The installer does create a backup at openclaw.json.bak, so you can restore it if needed. But honestly, the onboarding configures most of the same settings interactively anyway — sandbox mode, tool allowlists, gateway auth. Just make sure the final config matches your security requirements before you start using it for real work.

Copilot Token Exchange 403

After getting everything running, sending a message to the Telegram bot returned:

Embedded agent failed before reply: Copilot token exchange failed: HTTP 403

During onboarding, I connected OpenClaw to my GitHub Copilot subscription via the device code auth flow. The default model was set to github-copilot/gpt-5.2-codex. But the token exchange was failing inside the container.

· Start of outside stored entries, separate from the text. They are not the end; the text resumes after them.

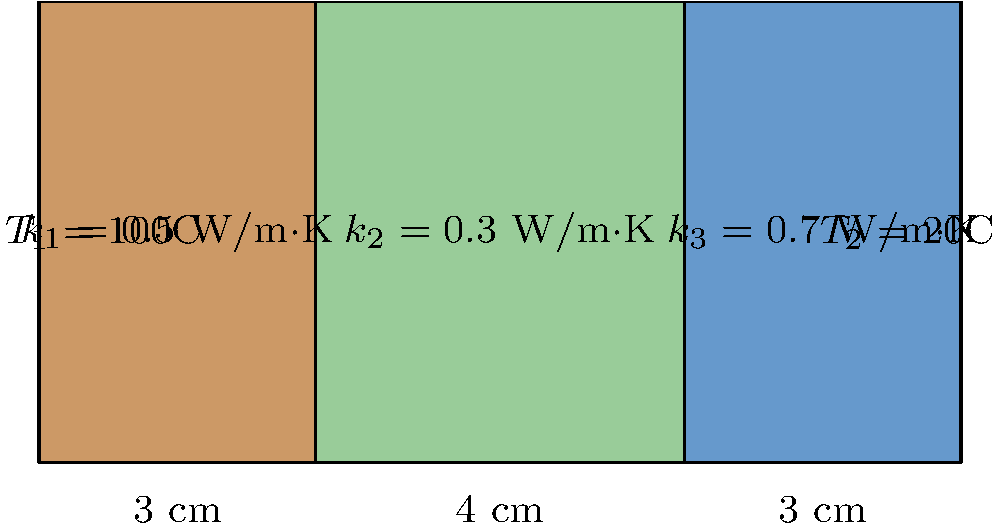As a software engineer working on a document management platform for engineering applications, you need to implement a heat transfer calculation module. Given the composite wall shown in the diagram with three layers of different materials and thicknesses, calculate the overall heat transfer rate per unit area (heat flux) through the wall. Assume steady-state conditions and one-dimensional heat flow. To solve this problem, we'll use the concept of thermal resistance in series for a composite wall. Here's the step-by-step solution:

1. Calculate the thermal resistance of each layer:
   $R_i = \frac{L_i}{k_i}$, where $L_i$ is the thickness and $k_i$ is the thermal conductivity.

   Layer 1: $R_1 = \frac{0.03}{0.5} = 0.06$ m²·K/W
   Layer 2: $R_2 = \frac{0.04}{0.3} = 0.1333$ m²·K/W
   Layer 3: $R_3 = \frac{0.03}{0.7} = 0.0429$ m²·K/W

2. Calculate the total thermal resistance:
   $R_total = R_1 + R_2 + R_3 = 0.06 + 0.1333 + 0.0429 = 0.2362$ m²·K/W

3. Calculate the temperature difference:
   $\Delta T = T_1 - T_2 = 100°C - 20°C = 80°C$

4. Calculate the heat flux using Fourier's Law:
   $q = \frac{\Delta T}{R_total} = \frac{80}{0.2362} = 338.7$ W/m²

The heat flux through the composite wall is approximately 338.7 W/m².
Answer: 338.7 W/m² 
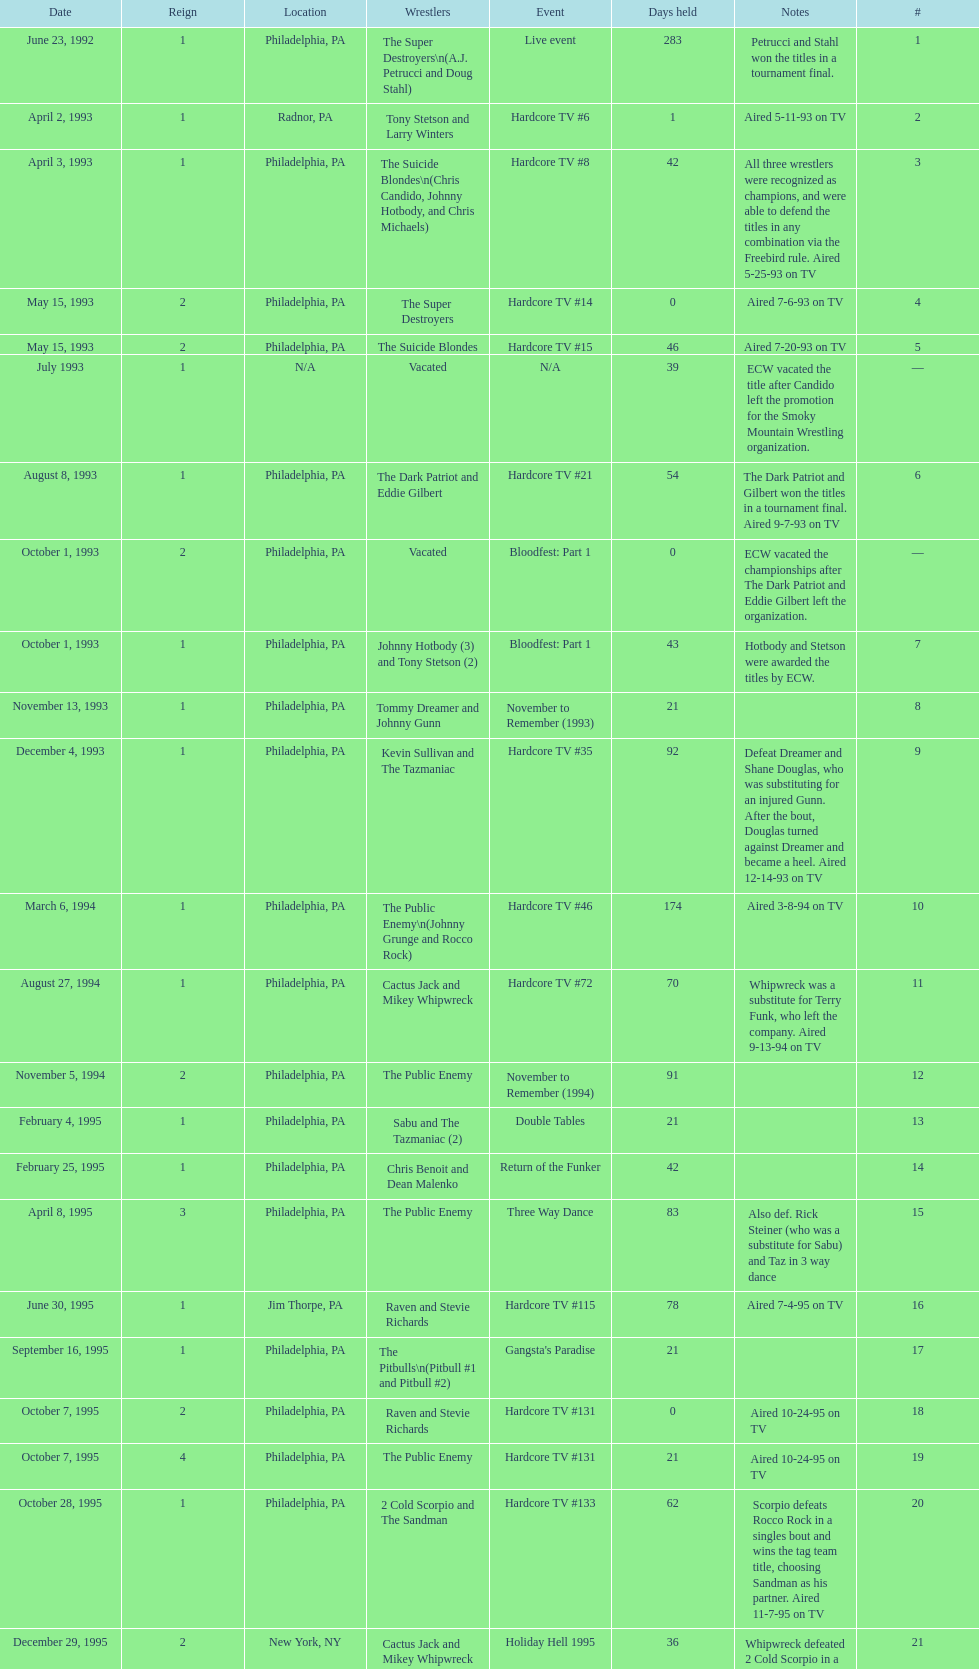How many days did hardcore tv #6 take? 1.

Worth noting — you don't need a Copilot subscription for this. OpenClaw supports free models too, including locally-hosted ones via Ollama (which is what the OLLAMA_HOST environment variable in our compose file is for). If you're running Ollama on your host machine, you can point OpenClaw at it and skip the Copilot auth entirely.

To switch models, run:

openclaw configure --section model

For my setup, re-running the configure flow and re-authenticating with GitHub resolved the 403. But if you'd rather avoid external API dependencies altogether, Ollama is the cleaner path — no tokens to manage, everything stays local.

Telegram Pairing

Before you can use OpenClaw via Telegram, you need a bot. Head to @BotFather on Telegram and run /newbot. Give it a name, grab the API token, and paste it into OpenClaw during onboarding (or later via openclaw configure --section telegram).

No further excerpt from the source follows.